Third, if I am inside the Trinity, I am never alone. I belong to God and belong to a community. I am part of a family. I am part of this parish. You are my friends in the same faith and love that we share. We live a shared life which is why we share the Eucharist together. This is the shared life we live in the Trinity and that we celebrate at every Mass. We have been gathered into the same unity as Father, Son and Holy Spirit. Again, this changes everything. Of course there are the benefits but the responsibilities too. It means I cannot and must not turn a blind eye to the poor, to persecuted Christians, to the sick and hungry. If I believe in a god that allows me to ignore these people then the god I believe in is not the true God. It is a false god who does not exist.

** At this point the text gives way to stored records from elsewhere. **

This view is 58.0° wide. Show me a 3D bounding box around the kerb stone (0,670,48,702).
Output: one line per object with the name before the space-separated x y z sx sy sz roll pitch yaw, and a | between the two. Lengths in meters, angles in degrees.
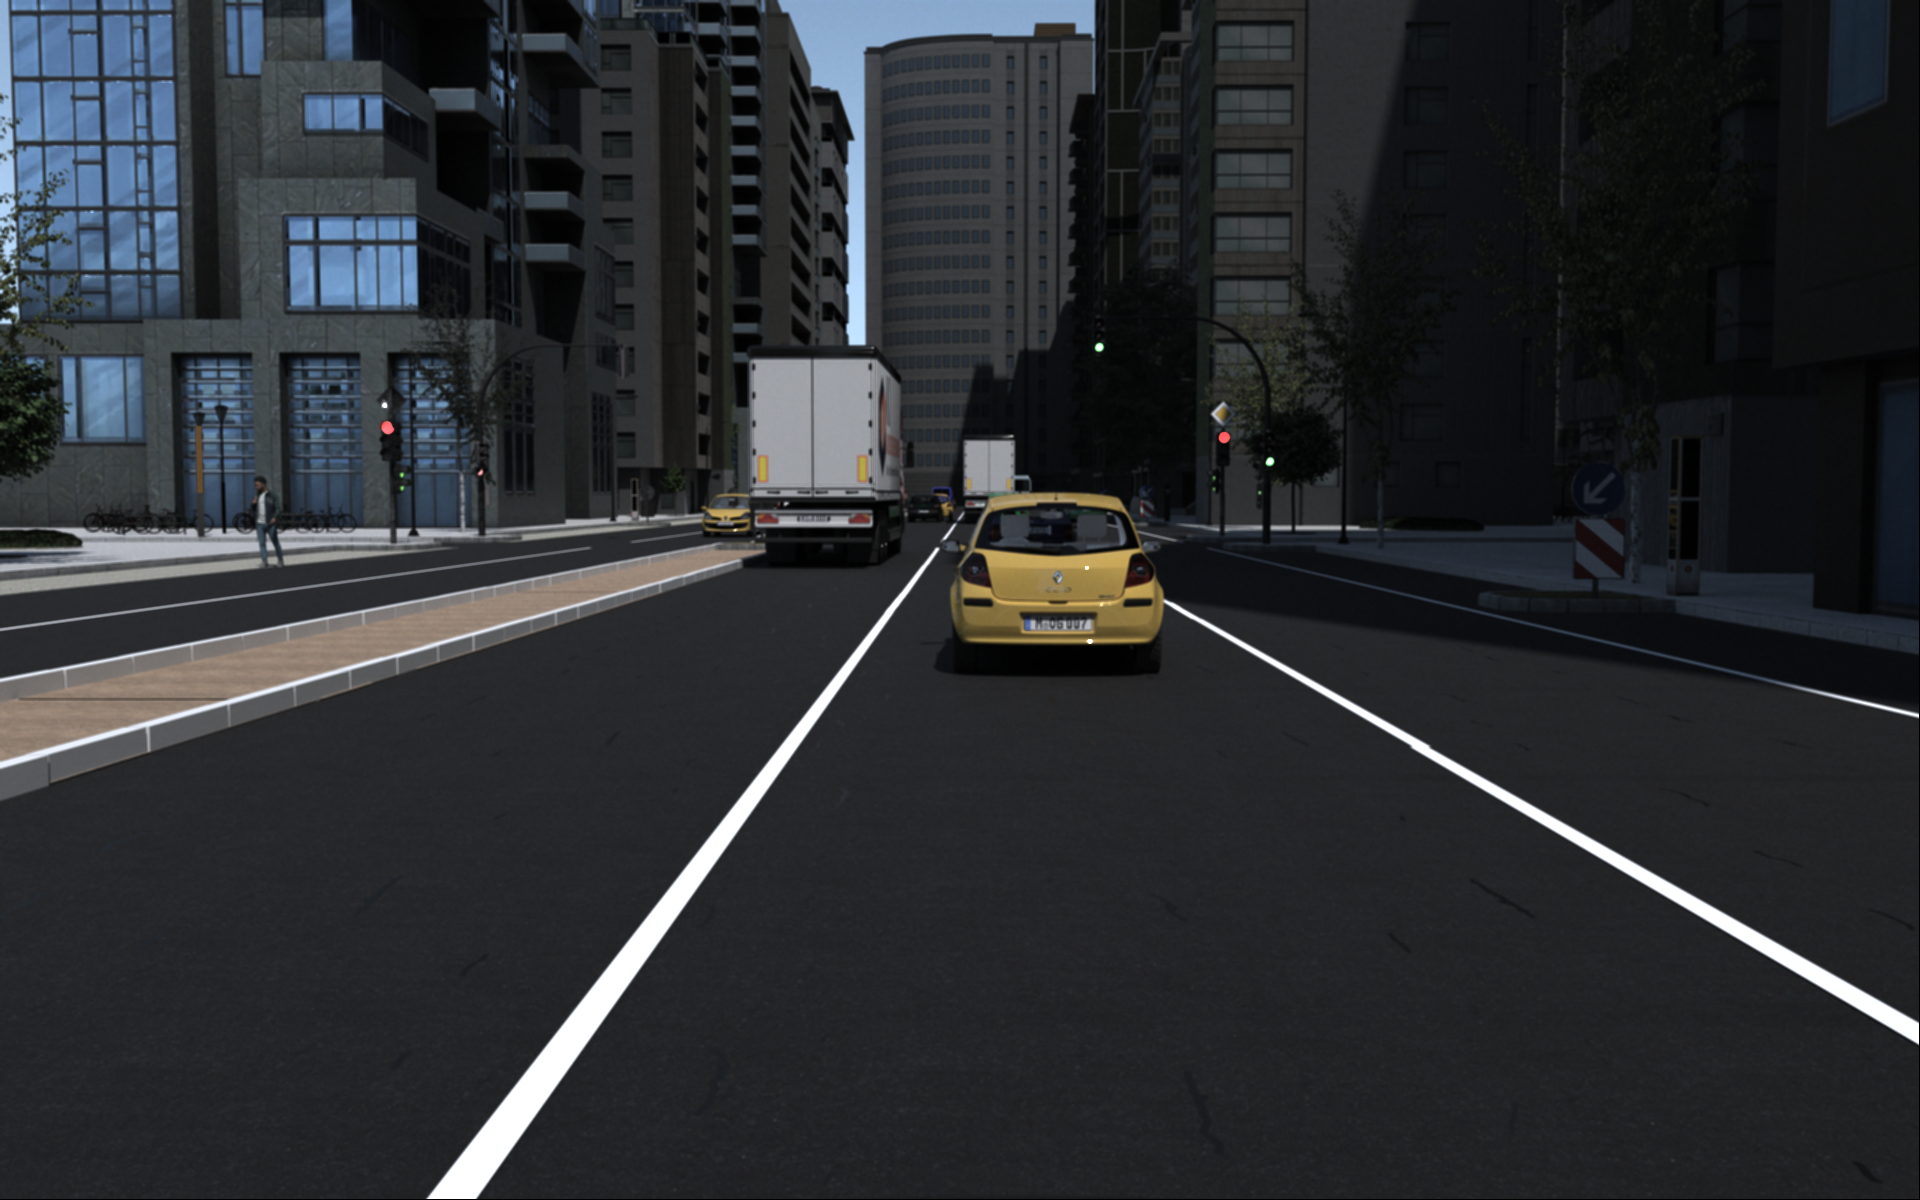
kerb stone | -6.610 0.615 12.151 0.120 0.150 1.000 0 4 1

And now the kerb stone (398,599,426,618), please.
kerb stone | -6.521 0.114 20.339 0.120 0.150 1.000 0 4 1

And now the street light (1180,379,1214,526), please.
street light | 9.556 -5.951 69.845 1.470 5.913 1.316 0 4 1

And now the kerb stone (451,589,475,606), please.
kerb stone | -6.509 -0.011 22.387 0.120 0.150 1.000 0 4 1

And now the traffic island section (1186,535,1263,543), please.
traffic island section | 7.967 -1.849 52.505 2.009 0.180 2.903 0 4 1

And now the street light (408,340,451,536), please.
street light | -16.083 -4.891 52.511 1.470 5.913 1.316 0 4 1

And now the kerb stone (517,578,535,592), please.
kerb stone | -6.473 -0.199 25.465 0.120 0.150 1.000 0 4 1

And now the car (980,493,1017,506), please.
car | 1.758 -3.597 67.609 1.959 1.807 4.718 0 4 1

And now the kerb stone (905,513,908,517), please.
kerb stone | -3.442 -5.750 116.211 0.120 0.150 1.000 0 4 1

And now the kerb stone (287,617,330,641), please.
kerb stone | -6.556 0.301 17.266 0.120 0.150 1.000 0 4 1

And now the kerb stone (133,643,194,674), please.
kerb stone | -6.588 0.489 14.194 0.120 0.150 1.000 0 4 1

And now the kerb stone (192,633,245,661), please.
kerb stone | -6.575 0.427 15.216 0.120 0.150 1.000 0 4 1

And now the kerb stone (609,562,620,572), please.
kerb stone | -6.419 -0.578 31.638 0.120 0.150 1.000 0 4 1

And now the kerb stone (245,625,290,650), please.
kerb stone | -6.572 0.367 16.245 0.120 0.150 1.000 0 4 1

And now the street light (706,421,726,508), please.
street light | -15.472 -8.388 109.677 1.470 5.913 1.316 0 4 1

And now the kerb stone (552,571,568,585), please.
kerb stone | -6.443 -0.326 27.528 0.120 0.150 1.000 0 4 1

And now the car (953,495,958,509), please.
car | -1.255 -9.945 172.383 2.009 1.686 4.222 0 4 0

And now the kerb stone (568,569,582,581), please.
kerb stone | -6.443 -0.389 28.557 0.120 0.150 1.000 0 4 1

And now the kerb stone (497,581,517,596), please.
kerb stone | -6.481 -0.133 24.438 0.120 0.150 1.000 0 4 1

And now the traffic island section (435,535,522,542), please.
traffic island section | -14.573 -1.863 52.739 2.009 0.180 2.903 0 4 1

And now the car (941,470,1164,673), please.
car | 0.814 -0.311 15.315 2.015 1.641 3.980 0 4 2

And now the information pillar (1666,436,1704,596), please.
information pillar | 9.163 -1.064 21.896 0.304 2.012 0.304 0 4 -1

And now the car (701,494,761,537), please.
car | -7.729 -2.984 59.018 2.015 1.641 3.980 0 3 0

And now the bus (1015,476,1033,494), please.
bus | 6.129 -11.360 180.599 2.948 3.499 13.247 0 4 2

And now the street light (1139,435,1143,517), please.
street light | 9.863 -7.724 98.836 1.470 5.913 1.316 0 4 1

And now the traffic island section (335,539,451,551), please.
traffic island section | -14.654 -1.375 44.754 2.009 0.180 2.903 0 4 1

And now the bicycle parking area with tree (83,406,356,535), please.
bicycle parking area with tree | -25.145 -4.377 58.562 9.016 4.147 8.231 -1 4 -18

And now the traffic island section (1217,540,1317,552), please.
traffic island section | 7.886 -1.360 44.520 2.009 0.180 2.903 0 4 1

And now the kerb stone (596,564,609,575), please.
kerb stone | -6.423 -0.515 30.616 0.120 0.150 1.000 0 4 1

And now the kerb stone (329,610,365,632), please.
kerb stone | -6.546 0.239 18.290 0.120 0.150 1.000 0 4 1

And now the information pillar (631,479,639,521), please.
information pillar | -15.733 -4.854 83.857 0.304 2.012 0.304 0 4 0

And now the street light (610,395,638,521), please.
street light | -15.739 -6.639 81.094 1.470 5.913 1.316 0 4 1

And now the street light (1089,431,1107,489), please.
street light | 10.210 -9.479 127.518 1.470 5.913 1.316 0 4 1

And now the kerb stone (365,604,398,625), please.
kerb stone | -6.528 0.176 19.317 0.120 0.150 1.000 0 4 1

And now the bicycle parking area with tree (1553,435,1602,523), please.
bicycle parking area with tree | 29.358 -6.120 87.070 9.016 4.147 8.231 0 4 8

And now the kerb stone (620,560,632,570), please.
kerb stone | -6.401 -0.640 32.662 0.120 0.150 1.000 0 4 1

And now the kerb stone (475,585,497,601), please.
kerb stone | -6.495 -0.074 23.410 0.120 0.150 1.000 0 4 1

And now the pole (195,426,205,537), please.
pole | -22.735 -3.544 51.794 0.158 3.312 0.155 0 3 0

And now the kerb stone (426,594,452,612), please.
kerb stone | -6.515 0.054 21.365 0.120 0.150 1.000 0 4 1

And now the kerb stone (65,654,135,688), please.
kerb stone | -6.596 0.554 13.173 0.120 0.150 1.000 0 4 1

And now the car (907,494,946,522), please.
car | -1.757 -4.851 89.100 2.009 1.686 4.222 0 4 2

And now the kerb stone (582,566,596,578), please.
kerb stone | -6.428 -0.452 29.591 0.120 0.150 1.000 0 4 1

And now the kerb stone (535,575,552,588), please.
kerb stone | -6.460 -0.263 26.501 0.120 0.150 1.000 0 4 1

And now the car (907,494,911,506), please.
car | -6.547 -11.363 197.586 2.131 1.459 4.920 0 4 2

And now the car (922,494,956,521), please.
car | -1.231 -5.155 94.501 2.015 1.641 3.980 0 3 0
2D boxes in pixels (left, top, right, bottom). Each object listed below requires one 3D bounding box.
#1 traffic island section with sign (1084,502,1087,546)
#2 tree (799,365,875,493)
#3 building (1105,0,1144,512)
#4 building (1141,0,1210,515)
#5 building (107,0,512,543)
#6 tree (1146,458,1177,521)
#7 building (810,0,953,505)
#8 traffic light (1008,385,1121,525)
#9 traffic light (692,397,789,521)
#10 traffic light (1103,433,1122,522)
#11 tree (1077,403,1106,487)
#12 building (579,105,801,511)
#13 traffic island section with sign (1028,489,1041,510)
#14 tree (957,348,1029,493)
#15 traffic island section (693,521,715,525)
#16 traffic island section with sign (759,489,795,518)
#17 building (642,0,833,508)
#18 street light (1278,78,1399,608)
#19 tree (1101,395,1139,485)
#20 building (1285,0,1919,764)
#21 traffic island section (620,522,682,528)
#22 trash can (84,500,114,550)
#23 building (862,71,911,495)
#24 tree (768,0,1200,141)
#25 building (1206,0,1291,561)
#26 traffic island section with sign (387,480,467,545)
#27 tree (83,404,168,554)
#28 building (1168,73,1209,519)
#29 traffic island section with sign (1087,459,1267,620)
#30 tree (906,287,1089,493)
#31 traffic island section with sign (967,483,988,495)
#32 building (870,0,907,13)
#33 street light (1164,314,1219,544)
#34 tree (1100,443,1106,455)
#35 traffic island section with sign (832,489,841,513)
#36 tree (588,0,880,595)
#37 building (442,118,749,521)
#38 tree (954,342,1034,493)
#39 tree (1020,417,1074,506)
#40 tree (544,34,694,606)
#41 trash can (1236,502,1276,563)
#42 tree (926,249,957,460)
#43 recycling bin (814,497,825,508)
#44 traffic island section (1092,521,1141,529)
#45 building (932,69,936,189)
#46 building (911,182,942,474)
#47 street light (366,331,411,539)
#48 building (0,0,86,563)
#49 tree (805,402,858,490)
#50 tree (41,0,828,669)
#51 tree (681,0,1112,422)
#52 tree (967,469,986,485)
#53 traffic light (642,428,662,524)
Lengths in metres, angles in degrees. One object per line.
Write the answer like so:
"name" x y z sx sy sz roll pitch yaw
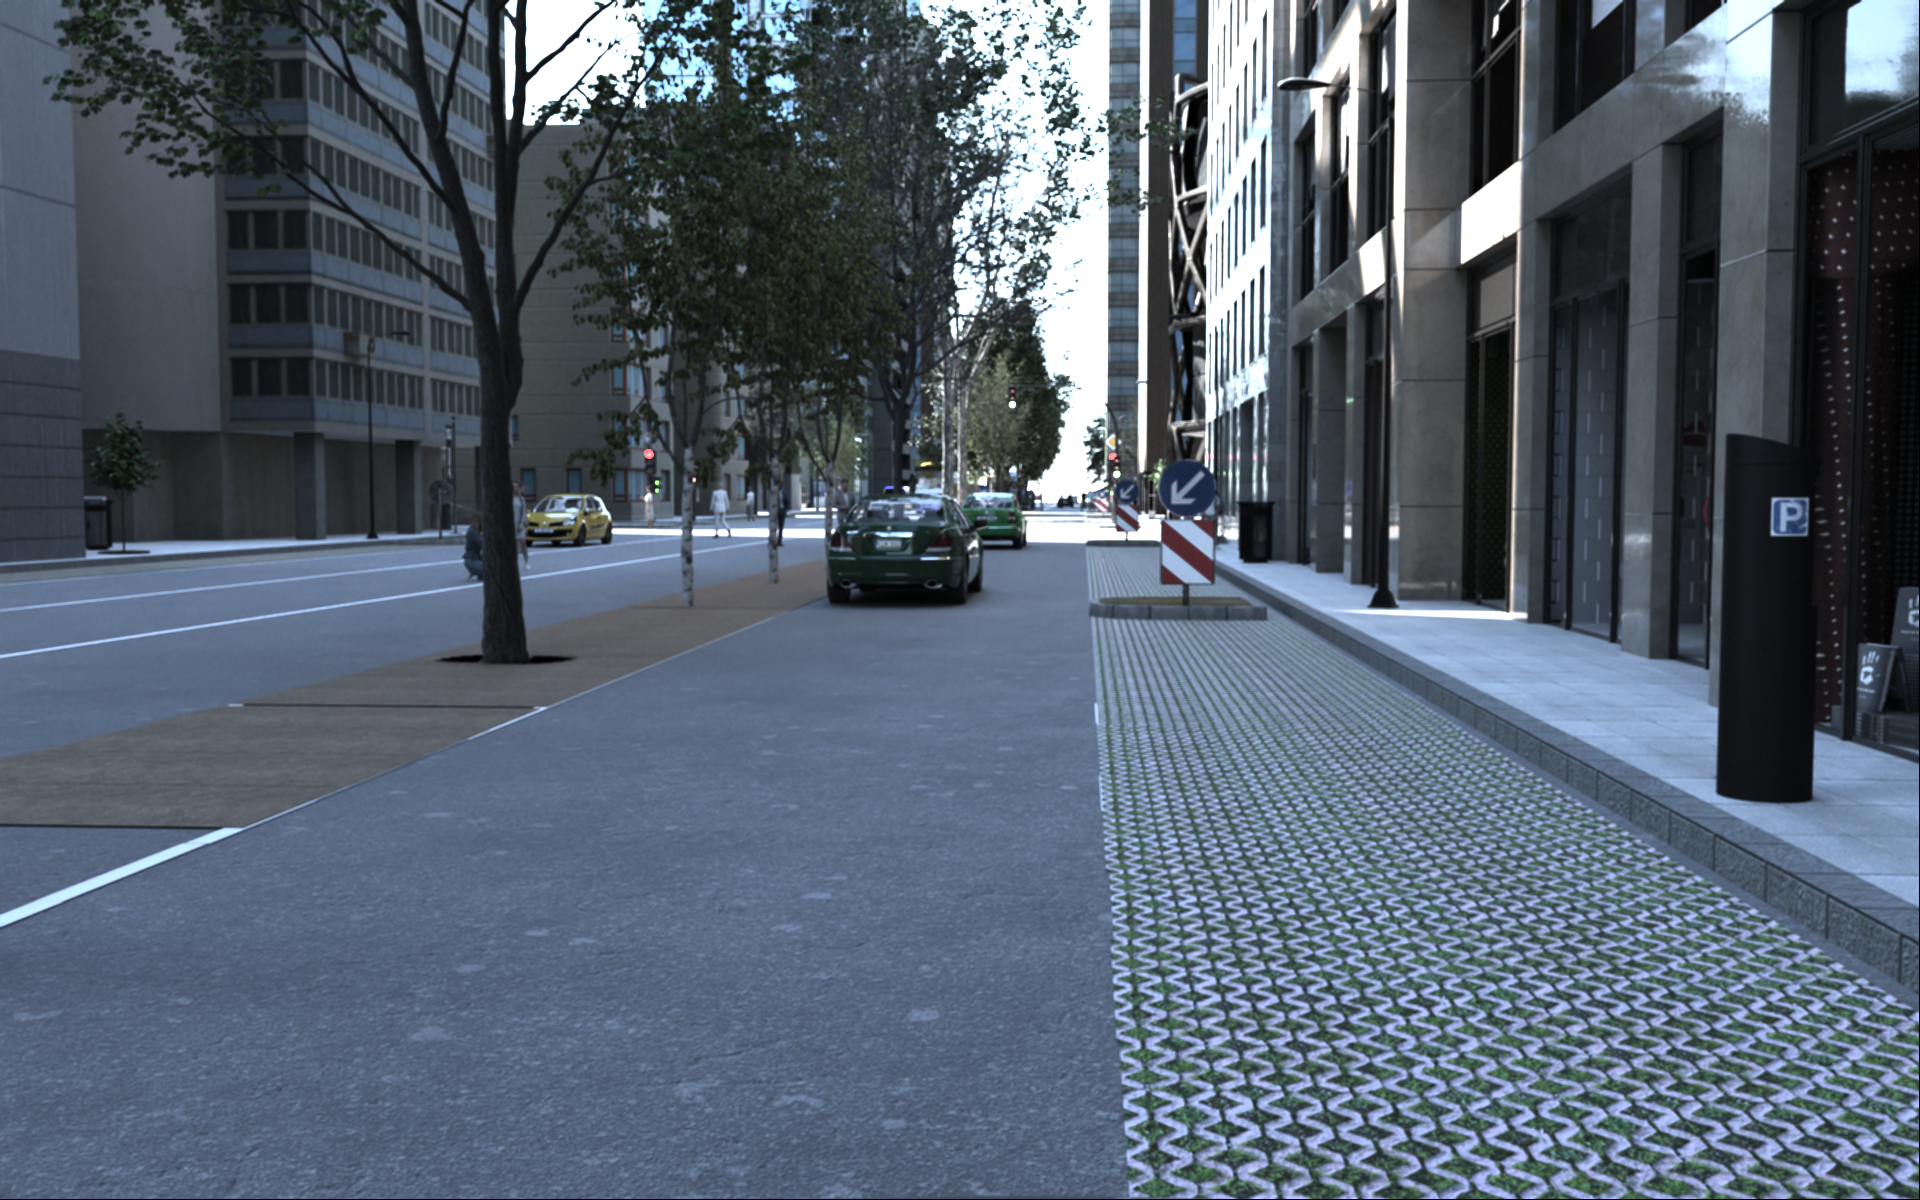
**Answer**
"traffic island section with sign" 4.476 -2.391 47.714 1.989 1.847 2.006 0 4 4
"tree" -11.278 -14.305 152.009 7.486 12.596 7.792 0 3 0
"building" 18.312 -27.506 133.309 14.154 41.232 14.086 0 4 4
"building" 18.719 -28.189 110.999 14.600 45.320 14.200 0 4 4
"building" -28.452 -22.338 57.114 23.993 40.220 32.217 0 4 4
"tree" 10.652 -5.988 92.501 1.663 3.219 1.824 0 3 0
"building" -11.276 -59.898 292.001 22.319 86.520 31.000 0 4 4
"traffic light" 4.410 -5.967 72.230 4.771 5.953 1.251 0 4 4
"traffic light" -10.453 -6.531 81.446 4.771 5.953 1.251 0 4 4
"traffic light" 7.067 -5.582 80.189 0.839 4.253 0.868 0 4 4
"tree" 21.142 -20.487 241.622 9.857 13.997 8.962 0 3 0
"building" -20.281 -22.061 132.398 14.160 30.474 14.107 0 4 4
"traffic island section with sign" 6.341 -9.003 155.341 2.006 1.907 1.989 0 4 4
"tree" 1.523 -8.153 86.115 4.737 8.622 4.395 0 3 0
"traffic island section" -12.585 -3.634 81.696 2.009 0.180 2.903 0 4 4
"traffic island section with sign" -10.976 -5.852 104.308 1.989 1.847 2.006 0 4 4
"building" -19.685 -52.504 171.108 22.319 86.520 31.000 0 4 4
"street light" 4.252 -2.871 19.480 1.470 5.913 1.316 0 4 4
"tree" 12.412 -10.587 123.461 4.360 8.622 3.978 0 3 0
"building" 14.493 -12.826 14.224 19.350 26.468 34.151 0 4 4
"traffic island section" -13.150 -3.147 73.731 2.009 0.180 2.903 0 4 4
"trash can" -19.812 -1.719 39.761 0.748 1.137 0.748 0 3 0
"building" -17.298 -35.175 198.814 21.300 48.544 21.600 0 4 4
"tree" 0.773 -11.991 54.407 12.611 20.169 13.585 0 3 0
"building" 11.661 -11.371 40.665 10.420 20.320 16.860 0 4 4
"traffic island section with sign" -14.900 -2.475 49.092 1.989 1.847 2.006 0 4 4
"tree" -17.963 -2.618 37.403 1.663 3.219 1.824 0 3 0
"building" 15.999 -11.951 62.850 16.820 18.784 16.811 0 4 4
"traffic island section with sign" 2.538 -0.728 20.530 1.989 1.847 2.006 0 4 4
"tree" 2.104 -10.628 93.229 9.611 12.733 9.660 0 3 0
"traffic island section with sign" 1.036 -4.419 80.389 2.006 1.907 1.989 0 4 4
"building" -15.011 -47.757 219.080 20.563 71.187 20.611 0 4 4
"street light" 6.110 -4.424 44.871 1.470 5.913 1.316 0 4 4
"tree" 15.510 -12.911 161.458 4.737 8.622 4.395 0 3 0
"traffic island section with sign" -9.063 -7.497 131.195 1.989 1.847 2.006 0 4 4
"tree" -2.991 -4.571 27.560 4.737 8.622 4.395 0 3 0
"building" -28.245 -15.367 96.298 27.650 21.520 28.899 0 4 4
"tree" 1.527 -7.868 81.464 4.360 8.622 3.978 0 3 0
"tree" 4.843 -12.426 140.027 8.767 10.594 7.601 0 4 4
"tree" -3.485 -4.231 21.998 4.737 8.622 4.395 0 3 0
"trash can" 5.548 -1.274 32.479 0.748 1.137 0.748 0 3 0
"tree" -2.476 -4.865 32.363 4.737 8.622 4.395 0 3 0
"recycling bin" -12.580 -8.707 154.913 0.722 1.027 0.722 3 5 42
"traffic island section" 6.542 -3.061 72.335 2.009 0.180 2.903 0 4 4
"building" -11.959 -50.660 266.536 20.563 71.187 20.611 0 4 4
"building" -9.974 -36.593 248.408 14.600 45.320 14.200 0 4 4
"street light" -16.293 -4.701 49.406 1.470 5.913 1.316 0 4 4
"building" -29.062 -29.230 19.909 21.231 58.520 28.212 0 4 4
"tree" -10.476 -11.582 139.724 4.360 8.622 3.978 0 3 0
"tree" -3.968 -5.278 14.503 9.928 11.665 9.643 0 3 0
"tree" -1.528 -7.922 42.354 12.009 13.543 11.850 0 3 0
"tree" 1.883 -24.276 315.038 7.486 12.596 7.792 0 3 0
"traffic light" -13.111 -5.179 73.593 0.839 4.253 0.868 0 4 4

Trinity Sunday is often referred to the preacher’s nightmare: a mystery difficult to explain, abstract and vague. I don’t agree. Few things are more important than having the correct image of God. To believe in God as Father, Son and Holy Spirit is to become part of God’s circle of life, to share God’s nature as tender and merciful love, to share my life with you and yours with mine. What a wonderful mystery to contemplate!! Do so every day!! I conclude with a beautiful prayer of praise to the Trinity by St Hildegard of Bingen (1098-1179) that captures this spirit of adoration that leads us to God:
‘To the Trinity be praise! God is music, God is life that nurtures every creature in its kind. Our God is the song of the angel throng and the splendor of secret ways hid from all humankind. But God, our life is the life of all’.